Curated exercises, katas, and scaffolding patterns for a hands-on AI-assisted TDD mini-workshop targeting expert developers.

22 sources ~6 min read #182 workshop · tdd · ai-testing · exercises · scaffolding · copilot · kata

TL;DR — Run 2–3 exercises, not ten. Expert developers disengage from trivially simple katas; start with a warm-up that calibrates the room (15 min), then move immediately to a realistic problem. The dominant scaffolding pattern: failing tests pre-written, participants implement with AI — this enforces TDD discipline without debating whether to write tests first. Use a Dev Container to eliminate environment setup as a time sink. [1] [2]

Technical Scaffolding

The biggest practical decision is eliminating environment friction before any coding starts. Centric Consulting’s 10-lab workshop ⭐ 6 [5] solves this with a Dev Container participants open in one click — no local toolchain required. Key components of a production-ready workshop scaffold:

  • Dev Container / GitHub Codespaces — one config, everyone runs the same runtime + AI extension. Centric offers a choice of .NET, Spring Boot, or bilingual containers [5].
  • .github/copilot-instructions.md or .cursor/rules — encode TDD rules (“write the failing test first; never implement without a red test”) so the AI tool itself enforces the discipline [18].
  • Skeleton repo with failing tests pre-written — participants clone a repo where tests exist but implementation stubs are empty, then make them pass with their AI tool [2].
  • Reference solution on a separate branch — unblocks stuck participants without spoiling the exercise for everyone else [5].
  • prompts/ folder — participants log each AI prompt chronologically as they work, making debrief discussions on prompt quality concrete rather than hypothetical [4].
  • CI on every push — instant green/red signal via GitHub Actions; removes the facilitator as a validation bottleneck [2].

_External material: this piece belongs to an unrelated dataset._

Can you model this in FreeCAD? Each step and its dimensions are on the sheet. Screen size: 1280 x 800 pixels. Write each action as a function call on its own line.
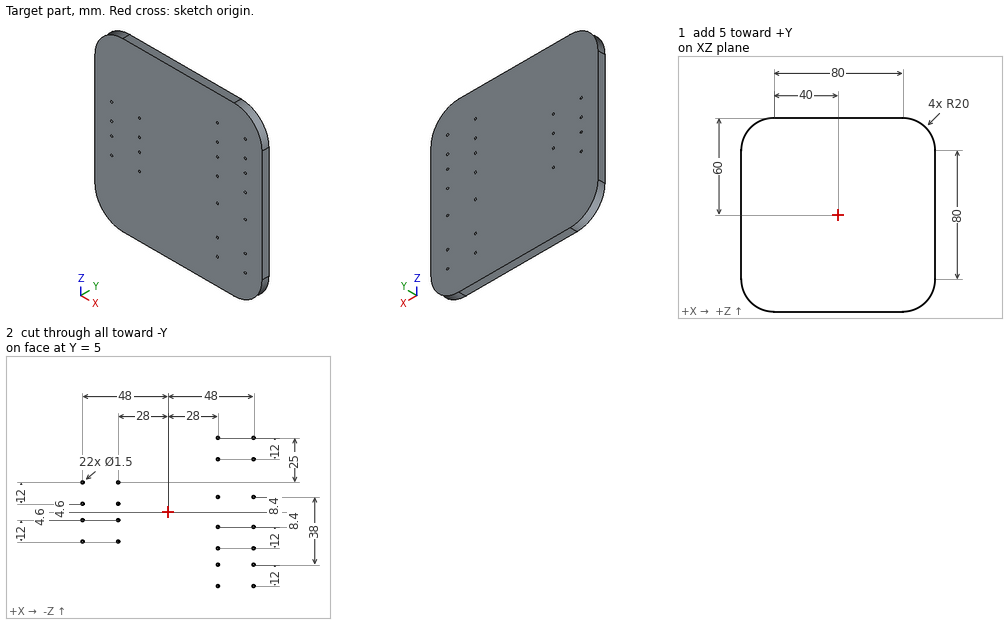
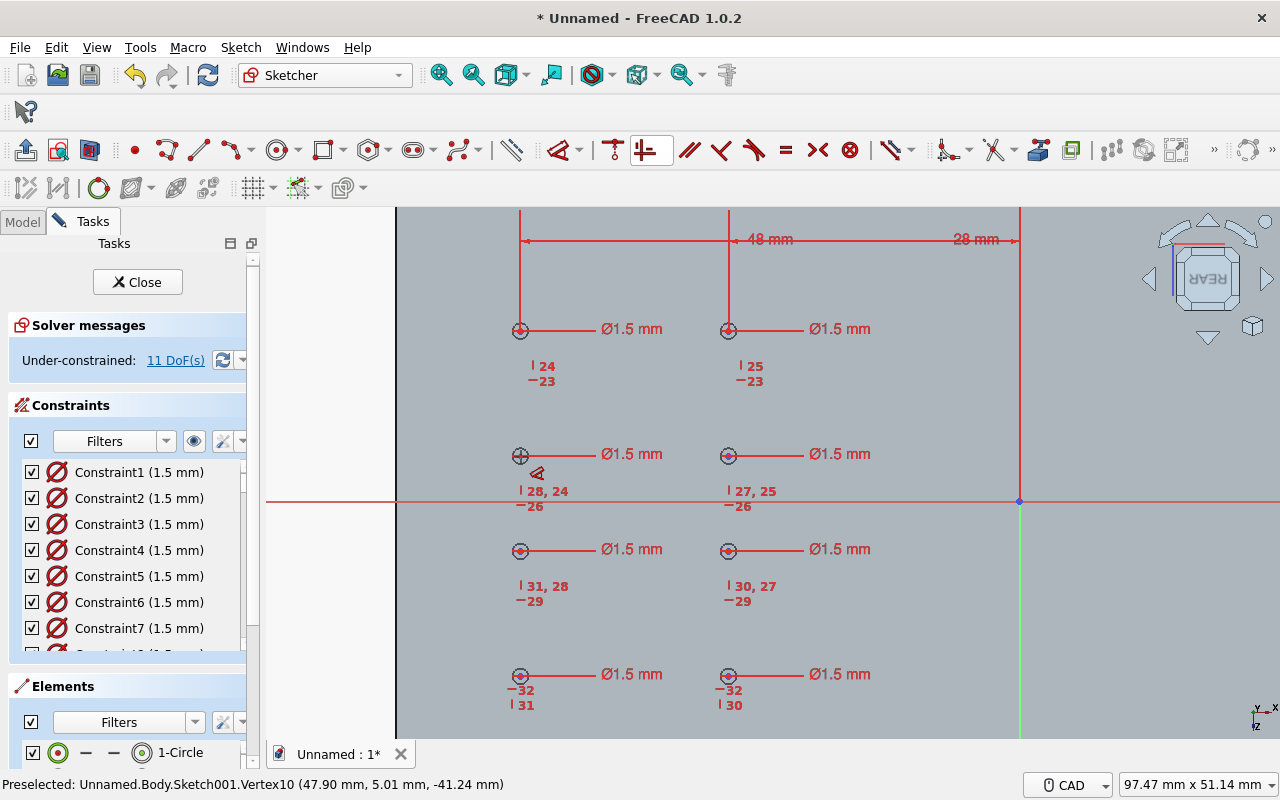
click(520, 456)
click(486, 479)

Caltech’s one-day format [6] adds reusable checklists and an “LLM-in-the-loop” operating pattern participants take home. Provide both a reference impl branch and a take-home checklist; the checklist is what sticks.

Exercise Catalog

For a 90-minute or half-day session, pick one warm-up + one main exercise. The table below spans the full range:

Exercise Type Duration Difficulty Key learning
String Calculator Greenfield TDD 15–20 min Warm-up Incremental test growth; calibration
Tetris skeleton Greenfield AI TDD 45–60 min Medium Failing-tests-first with AI
Goose Game Greenfield AI TDD 45–60 min Medium Prompt engineering + RGR loop
Gilded Rose Legacy refactoring 40–60 min Medium-High Characterization tests with AI
Trip Service Dependency breaking 45–60 min High Seam isolation before adding tests
EXACT mini-project Full EXACT workflow 60–90 min Expert Example Mapping → AI-TDD synthesis

String Calculator [16]: Roy Osherove’s canonical warm-up. Starts with add("") == 0, incrementally adds comma delimiters, newlines, custom delimiters, and negatives. For an expert audience, run it twice: once without AI (baseline), once with AI (measure delta). The comparison lands more convincingly than any slide. See also garora/TDD-Katas ⭐ 735 [22] for a broader multi-language kata collection.

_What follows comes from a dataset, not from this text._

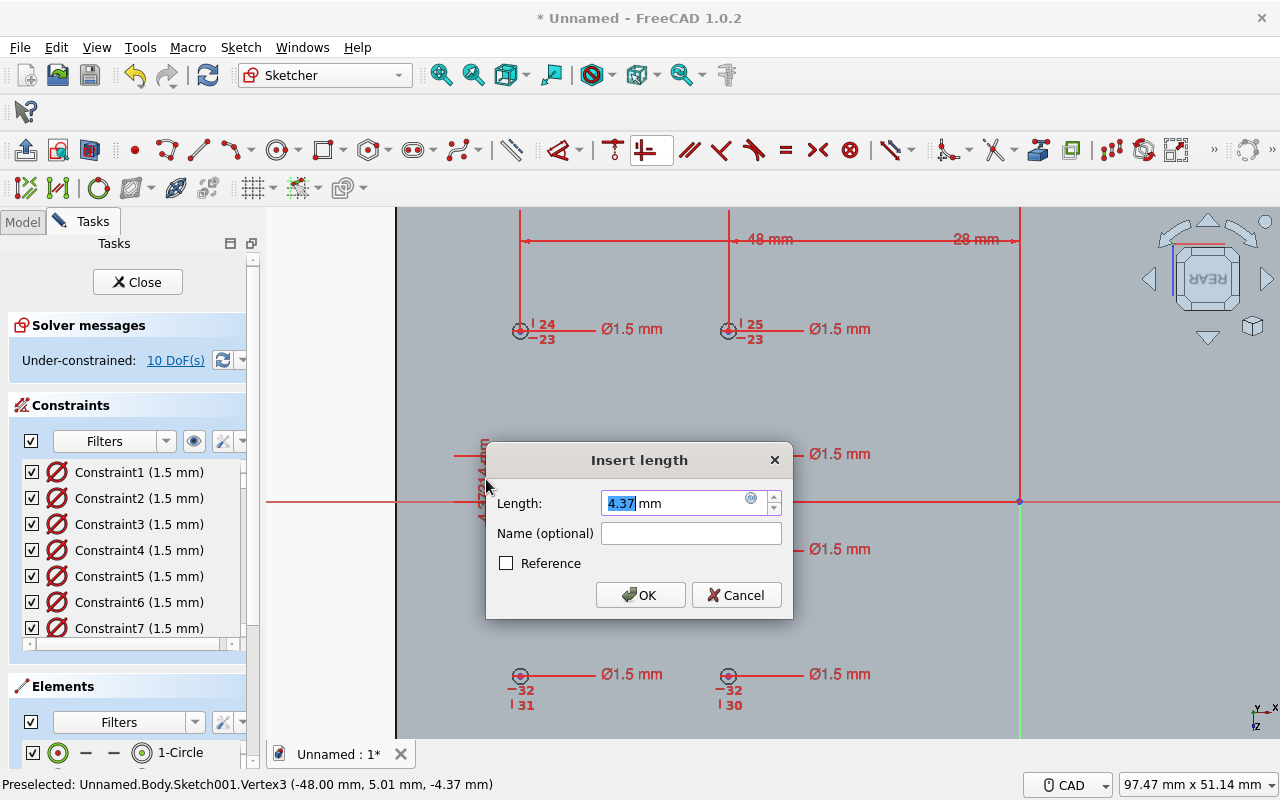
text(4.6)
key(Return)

Skeleton katas [2] [4]: both pre-write the full test suite; participants use their AI tool to make tests pass. Eficode’s Tetris ⭐ 0 phases tests across board initialization, movement mechanics, line clearing, and scoring. Goose Game ⭐ 3 (Kotlin) adds a prompts/ log that becomes debrief material on where AI needed disambiguation [4].

Legacy katas [9]: The Gilded Rose is the entry point — pure nested conditionals, no external dependencies, so participants focus on writing characterization tests before touching any logic. Trip Service escalates: participants must break HTTP/DB dependencies to get code under test, a problem AI alone cannot reliably solve without human seam design. Bourgau’s dojo progression [8] maps the full 4-stage path from FizzBuzz to Ugly Trivia if you want to run a multi-session track.

Frameworks: TDAID and EXACT

Two frameworks add structure that’s worth teaching explicitly alongside the exercises.

TDAID (Test-Driven AI Development) [3] extends the classic loop with a Plan phase before Red and a Validate phase after Refactor. Plan: AI generates a structured implementation roadmap. Validate: human reviews the diff to ensure the agent didn’t “cheat” by writing tests that confirm broken behavior [1] [21]. Exercise shape for TDAID: write the plan as a comment block, let AI drive Red → Green → Refactor, then human-review the git diff before moving to the next increment.

EXACT Coding [12] (Example-guided AI-Collaborative Test-driven Coding) prepends an Example Mapping session to the first test: team clarifies story, rules, examples, and open questions in a short structured conversation. Three autonomy levels let participants choose their control posture:

Level AI runs until… Recommended for
A End of feature Experienced AI users, speed
B End of each RGR cycle Default; balanced control
C End of each phase Learning mode; max oversight

Level B is the default for workshop use — frequent enough to stay engaged, coarse enough that AI assistance feels meaningful [12]. The GitHub Copilot Workshop [15] structures a similar three-path progression (IDE features → pro/agents → CLI/SDK) that maps well onto beginner-to-expert cohorts.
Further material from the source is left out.